9.9 Disaster Forcing Unplanned Manual Switchover from Site A to Site B (TC-09)

This test resulted in the unexpected complete loss of site A because of an unspecified disaster. As Figure

14 shows, this loss was accomplished by powering off both of the FAS8060 storage controllers and the

Oracle RAC node located at site A.

Our expectation was that the second Oracle RAC node running on site B would lose access to the

database LUNs hosted on the FAS8060 controllers on site A and shut down. After officially declaring the

loss of site A, we manually initiated a MetroCluster switchover from site A to site B and restarted the

Oracle RAC database instance on site B.


Figure 14) Loss of primary site.

For this test, we ran the workload for a total of 60 minutes. After 15 minutes, we powered off both of the

FAS8060 controllers and the Oracle RAC node on site A. We continued in this state for a total of 15

minutes. As expected, the Oracle RAC database node that was running on site B lost access to the voting

LUNs on site A and stopped working after exceeding the defined timeout period. As discussed previously,

this interruption occurred because of the lack of a third-site tiebreaker service, which is the most common

configuration chosen by customers. If completely seamless DR capability is desired, this can be

accomplished through the use of a third site.

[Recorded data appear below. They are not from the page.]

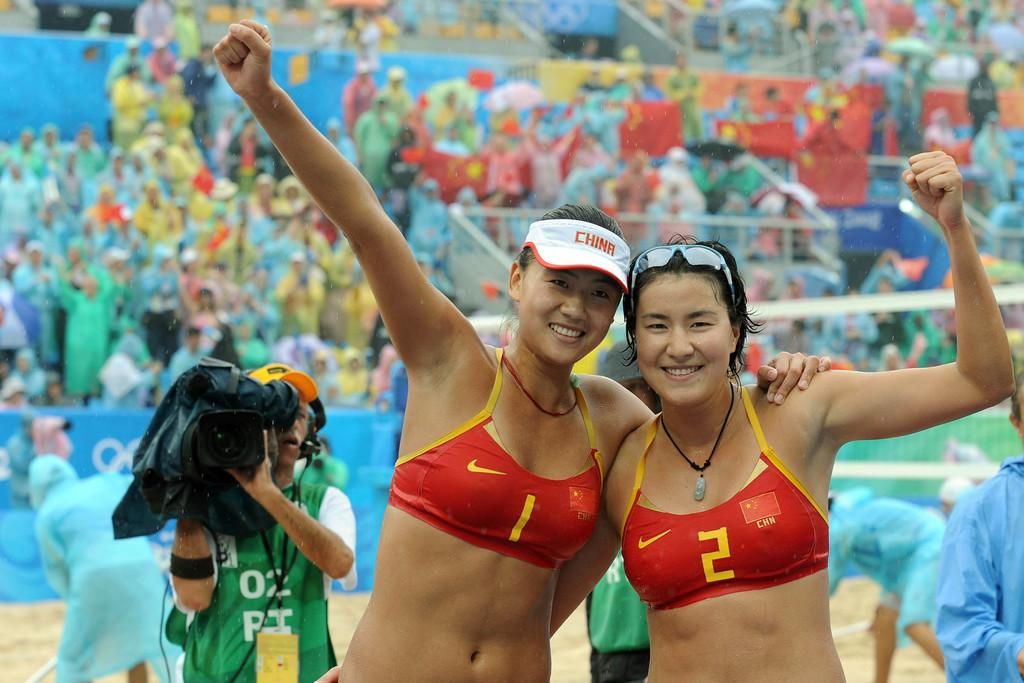How many women are in the image? There are two women in the image. What are the women doing in the image? The women are posing for a photograph. Can you describe the background of the image? There are people in the background of the image. Who is holding the camera in the image? A man is holding a camera in the background. What type of sticks are being used to roast the bean in the image? There are no sticks or beans present in the image; it features two women posing for a photograph with people and a man holding a camera in the background. 
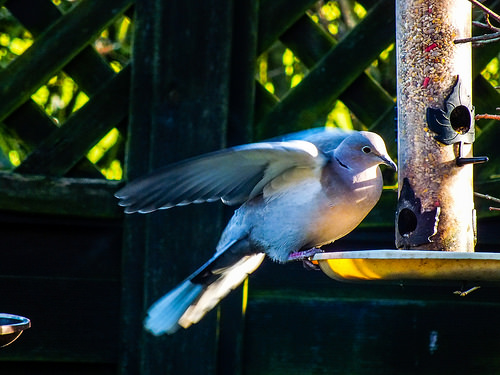<image>
Is there a bird on the feeder? Yes. Looking at the image, I can see the bird is positioned on top of the feeder, with the feeder providing support. Where is the bird in relation to the fence? Is it in the fence? No. The bird is not contained within the fence. These objects have a different spatial relationship. 
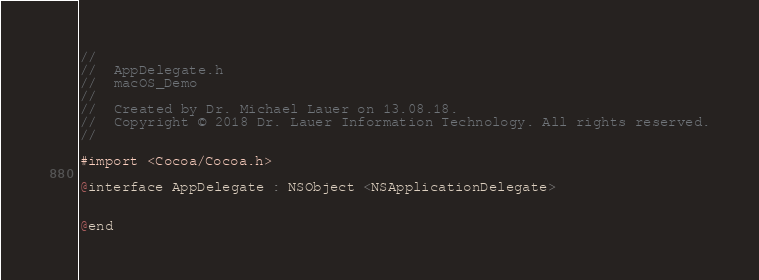<code> <loc_0><loc_0><loc_500><loc_500><_C_>//
//  AppDelegate.h
//  macOS_Demo
//
//  Created by Dr. Michael Lauer on 13.08.18.
//  Copyright © 2018 Dr. Lauer Information Technology. All rights reserved.
//

#import <Cocoa/Cocoa.h>

@interface AppDelegate : NSObject <NSApplicationDelegate>


@end

</code> 
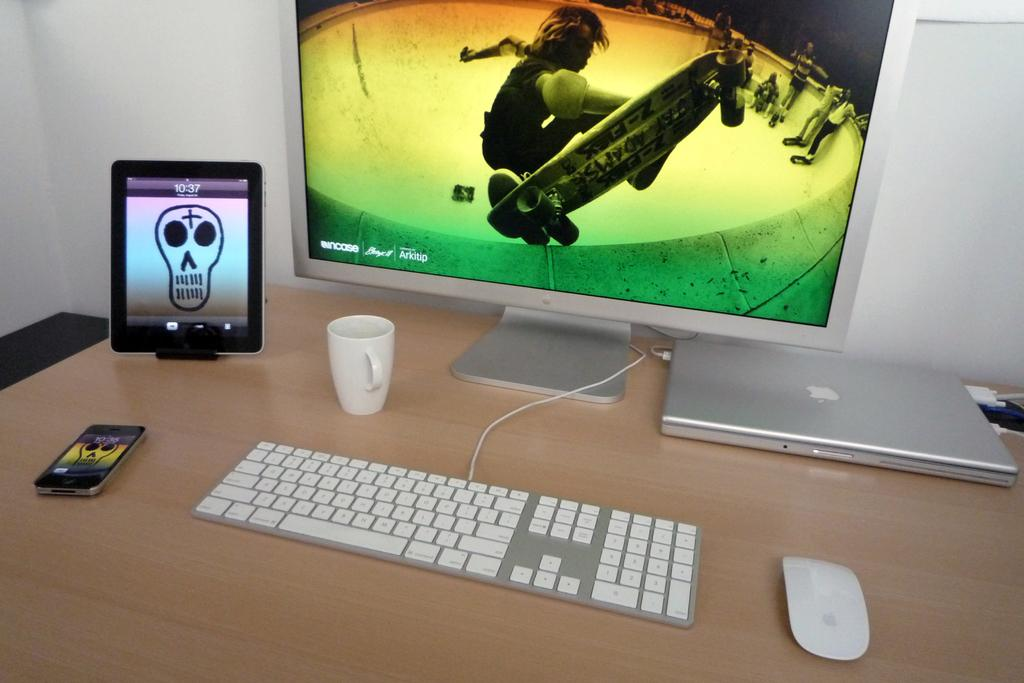<image>
Offer a succinct explanation of the picture presented. Black iPad that has the time at 10:37 next to a Mac screen. 
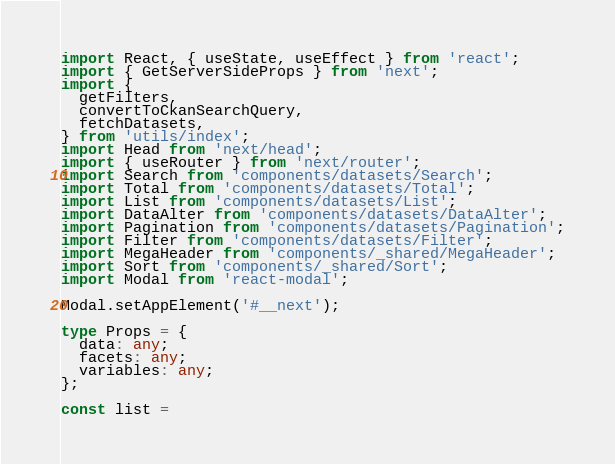Convert code to text. <code><loc_0><loc_0><loc_500><loc_500><_TypeScript_>import React, { useState, useEffect } from 'react';
import { GetServerSideProps } from 'next';
import {
  getFilters,
  convertToCkanSearchQuery,
  fetchDatasets,
} from 'utils/index';
import Head from 'next/head';
import { useRouter } from 'next/router';
import Search from 'components/datasets/Search';
import Total from 'components/datasets/Total';
import List from 'components/datasets/List';
import DataAlter from 'components/datasets/DataAlter';
import Pagination from 'components/datasets/Pagination';
import Filter from 'components/datasets/Filter';
import MegaHeader from 'components/_shared/MegaHeader';
import Sort from 'components/_shared/Sort';
import Modal from 'react-modal';

Modal.setAppElement('#__next');

type Props = {
  data: any;
  facets: any;
  variables: any;
};

const list =</code>

We then initiated the MetroCluster switchover command from the FAS8060 controllers on site B. After the

switchover was completed, we restarted the Oracle RAC node on site B and observed that it started

normally without additional manual intervention after the database LUNs were redirected to the copies

that had been mirrored to the FAS8060 controllers on site B.

To verify that the database was working, we initiated the workload from the surviving RAC node and

observed that it successfully drove IOPS to the FAS8060 controllers on site B.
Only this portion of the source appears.